WORK REQUEST:
Print verbatim the lines from the beginning of the entries through the line containing "text So on my", both ends included. Pictures should be left out.

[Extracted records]
▽
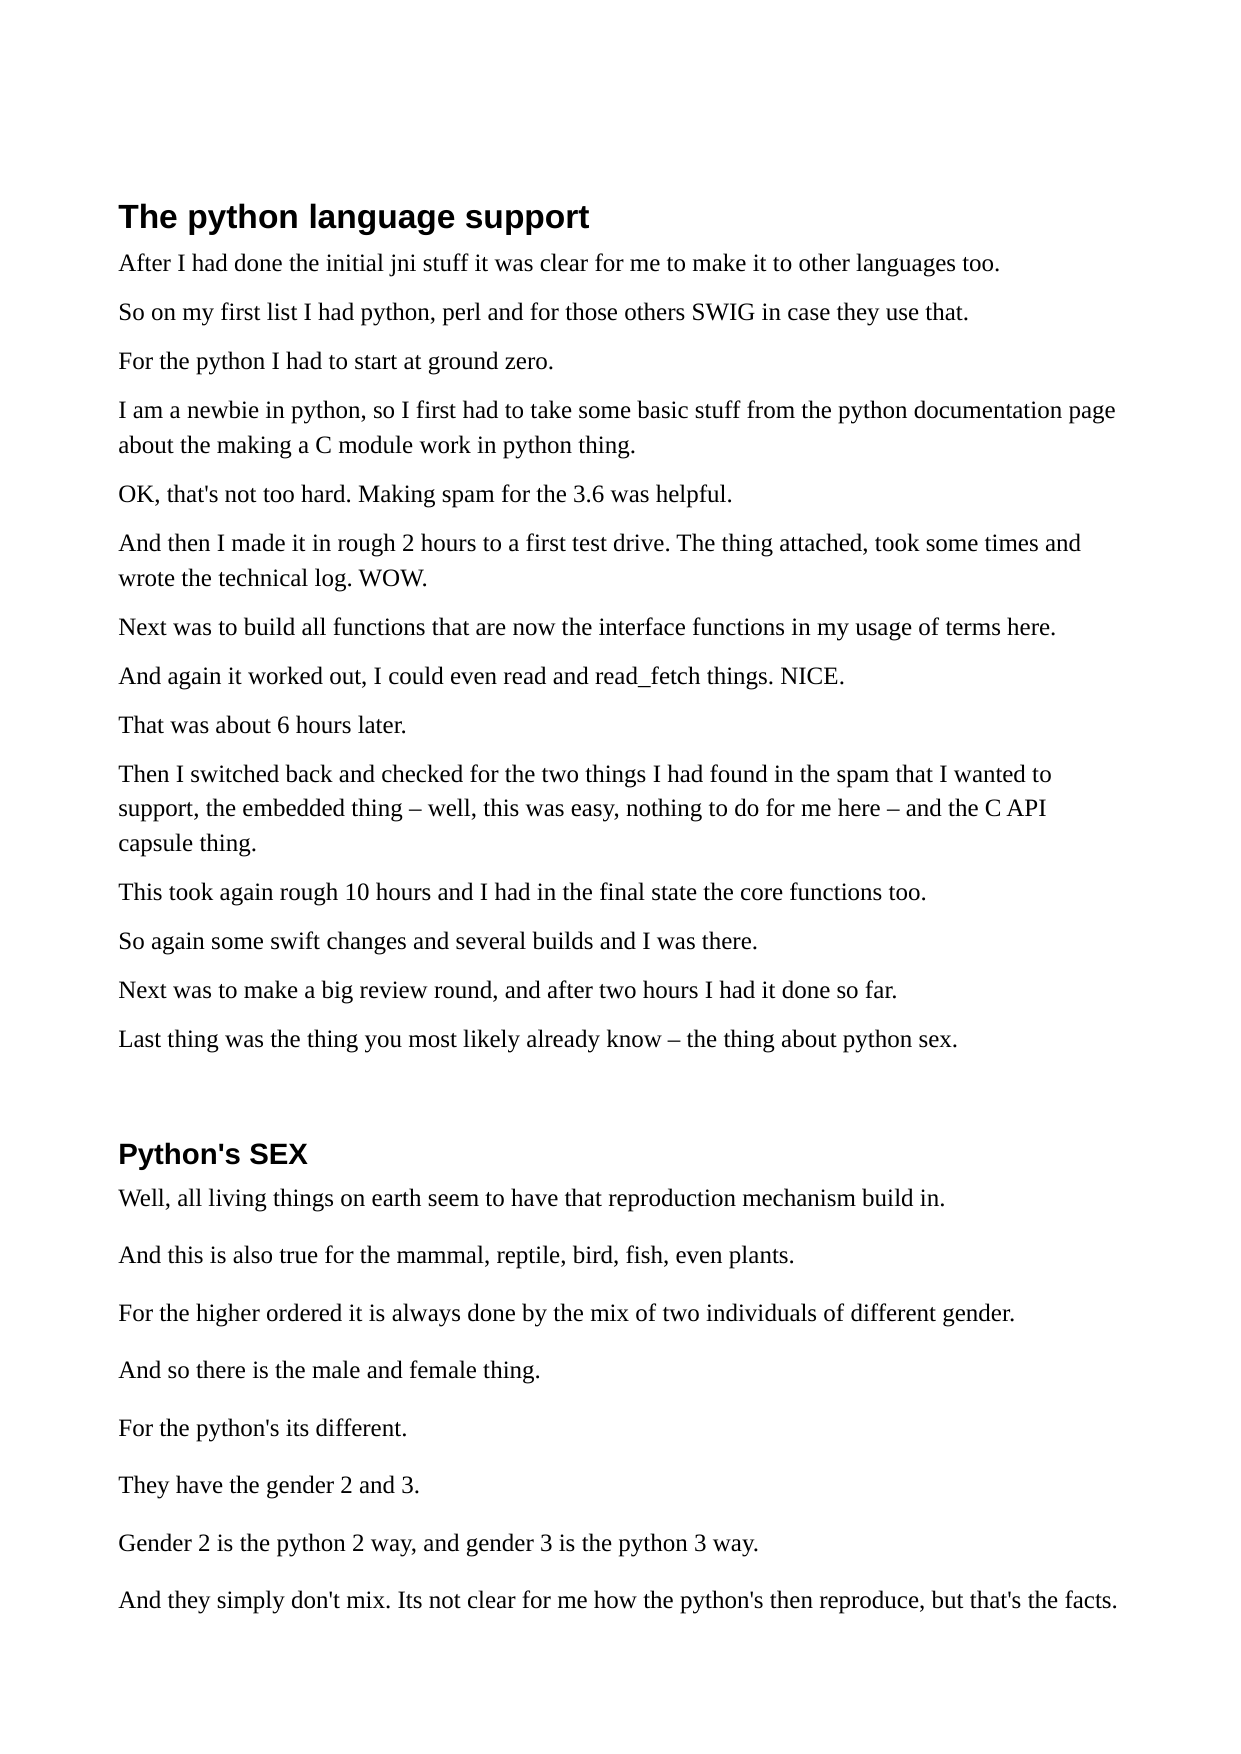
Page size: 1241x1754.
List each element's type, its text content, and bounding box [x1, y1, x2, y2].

text And then I made it in rough 2 hours to a first test drive. The thing attached, took some times and wrote the technical log. WOW. [118, 528, 1122, 591]
text They have the gender 2 and 3. [118, 1471, 1122, 1499]
text So on my first list I had python, perl and for those others SWIG in case they use that. [118, 297, 1122, 326]
text Well, all living things on earth seem to have that reproduction mechanism build in. [118, 1183, 1122, 1212]
text And this is also true for the mammal, reptile, bird, fish, even plants. [118, 1241, 1122, 1269]
subtitle Python's SEX [118, 1137, 1122, 1171]
subtitle The python language support [118, 197, 1122, 236]
text Gender 2 is the python 2 way, and gender 3 is the python 3 way. [118, 1528, 1122, 1557]
text After I had done the initial jni stuff it was clear for me to make it to other languages too. [118, 248, 1122, 277]
text Next was to make a big review round, and after two hours I had it done so far. [118, 975, 1122, 1004]
text So again some swift changes and several builds and I was there. [118, 926, 1122, 955]
text That was about 6 hours later. [118, 710, 1122, 738]
text OK, that's not too hard. Making spam for the 3.6 was helpful. [118, 479, 1122, 508]
text For the python I had to start at ground zero. [118, 346, 1122, 375]
text Then I switched back and checked for the two things I had found in the spam that I wanted to support, the embedded thing – well, this was easy, nothing to do for me here – and the C API capsule thing. [118, 759, 1122, 857]
text Last thing was the thing you most likely already know – the thing about python sex. [118, 1024, 1122, 1053]
text And again it worked out, I could even read and read_fetch things. NICE. [118, 661, 1122, 689]
text For the python's its different. [118, 1413, 1122, 1442]
text This took again rough 10 hours and I had in the final state the core functions too. [118, 877, 1122, 906]
text I am a newbie in python, so I first had to take some basic stuff from the python documentation page about the making a C module work in python thing. [118, 396, 1122, 459]
text Next was to build all functions that are now the interface functions in my usage of terms here. [118, 612, 1122, 640]
text For the higher ordered it is always done by the mix of two individuals of different gender. [118, 1298, 1122, 1327]
text And so there is the male and female thing. [118, 1356, 1122, 1384]
text And they simply don't mix. Its not clear for me how the python's then reproduce, but that's the facts. [118, 1586, 1122, 1614]
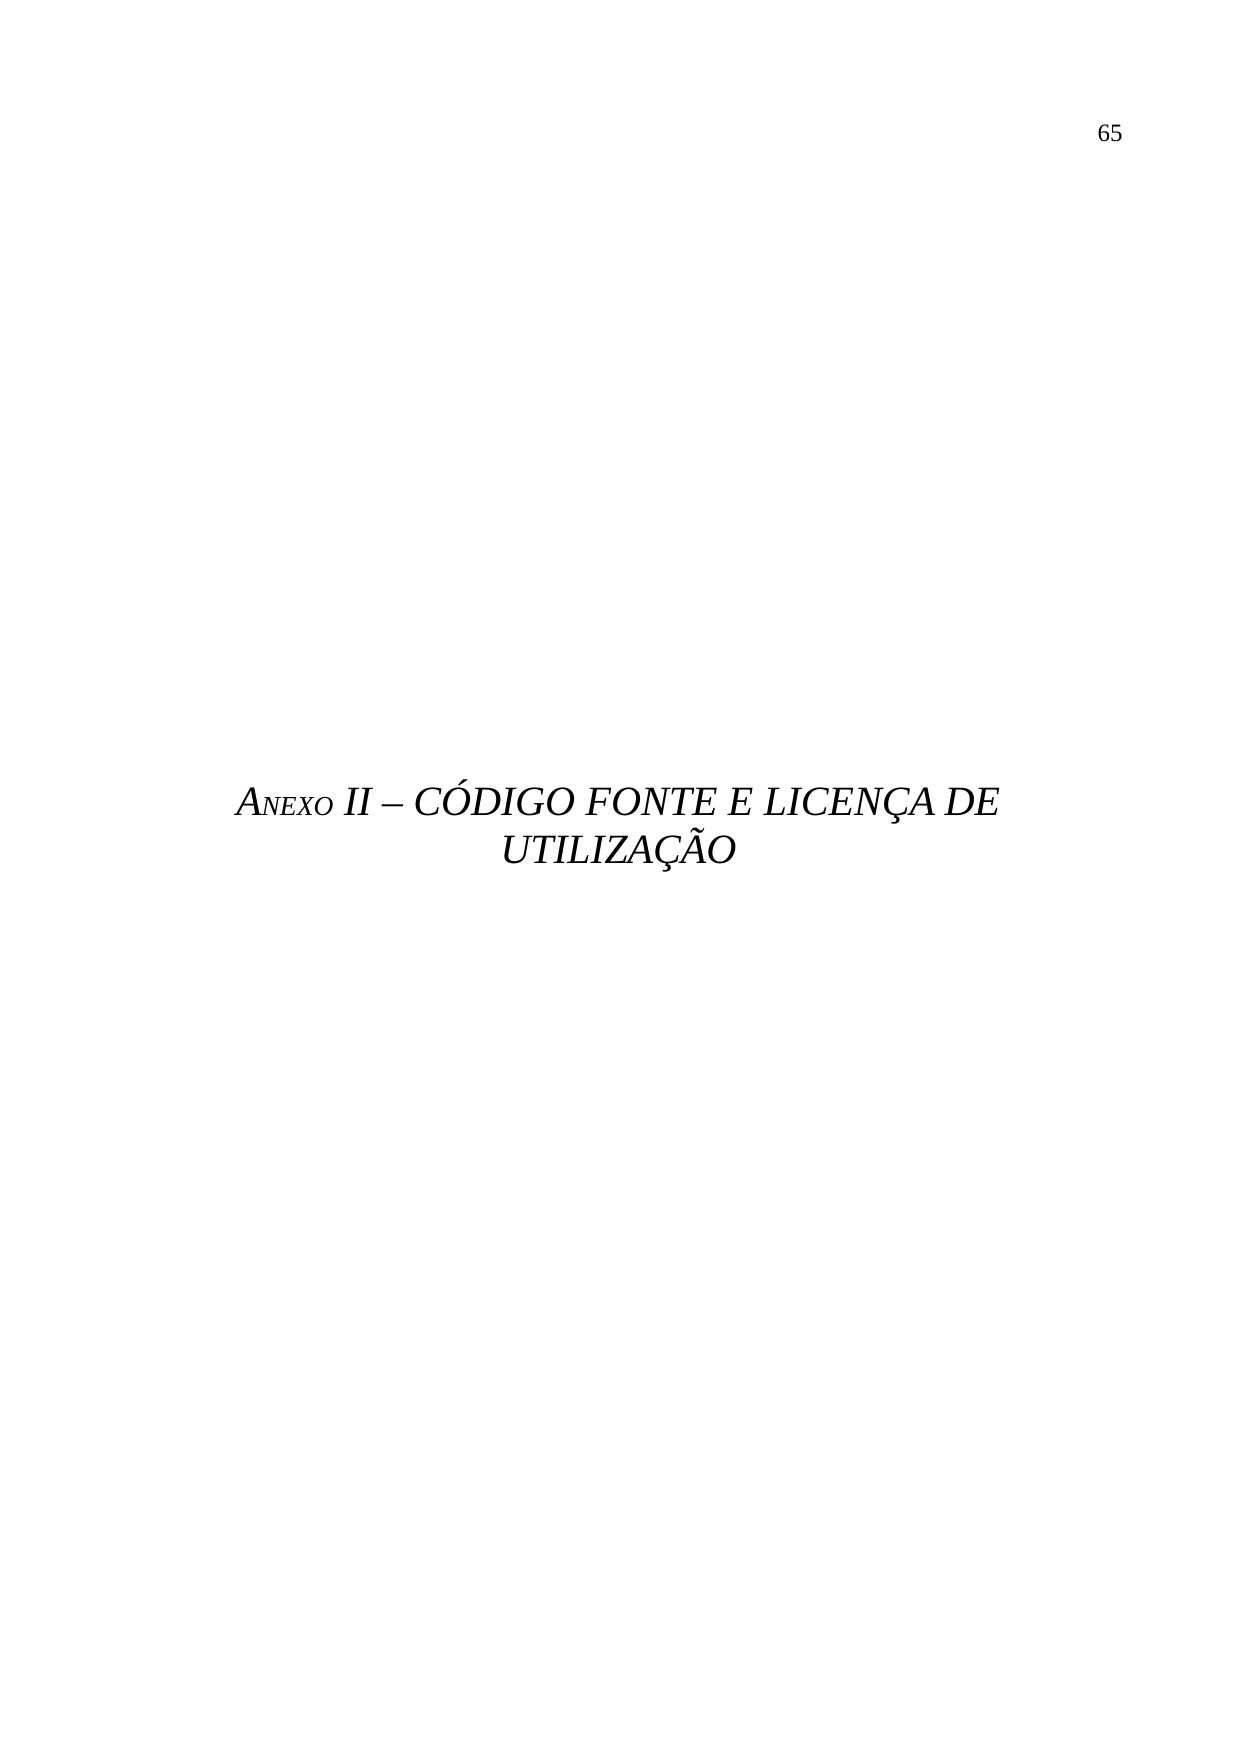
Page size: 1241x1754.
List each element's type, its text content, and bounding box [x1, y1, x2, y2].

subtitle Anexo II – CÓDIGO FONTE E LICENÇA DE UTILIZAÇÃO [118, 776, 1122, 872]
△
ANSWER SPACE:
Page size: 1241x1754.
List each element's type, its text content, and bounding box [x1, y1, x2, y2].

text And then I made it in rough 2 hours to a first test drive. The thing attached, took some times and wrote the technical log. WOW. [118, 528, 1122, 591]
text They have the gender 2 and 3. [118, 1471, 1122, 1499]
text So on my first list I had python, perl and for those others SWIG in case they use that. [118, 297, 1122, 326]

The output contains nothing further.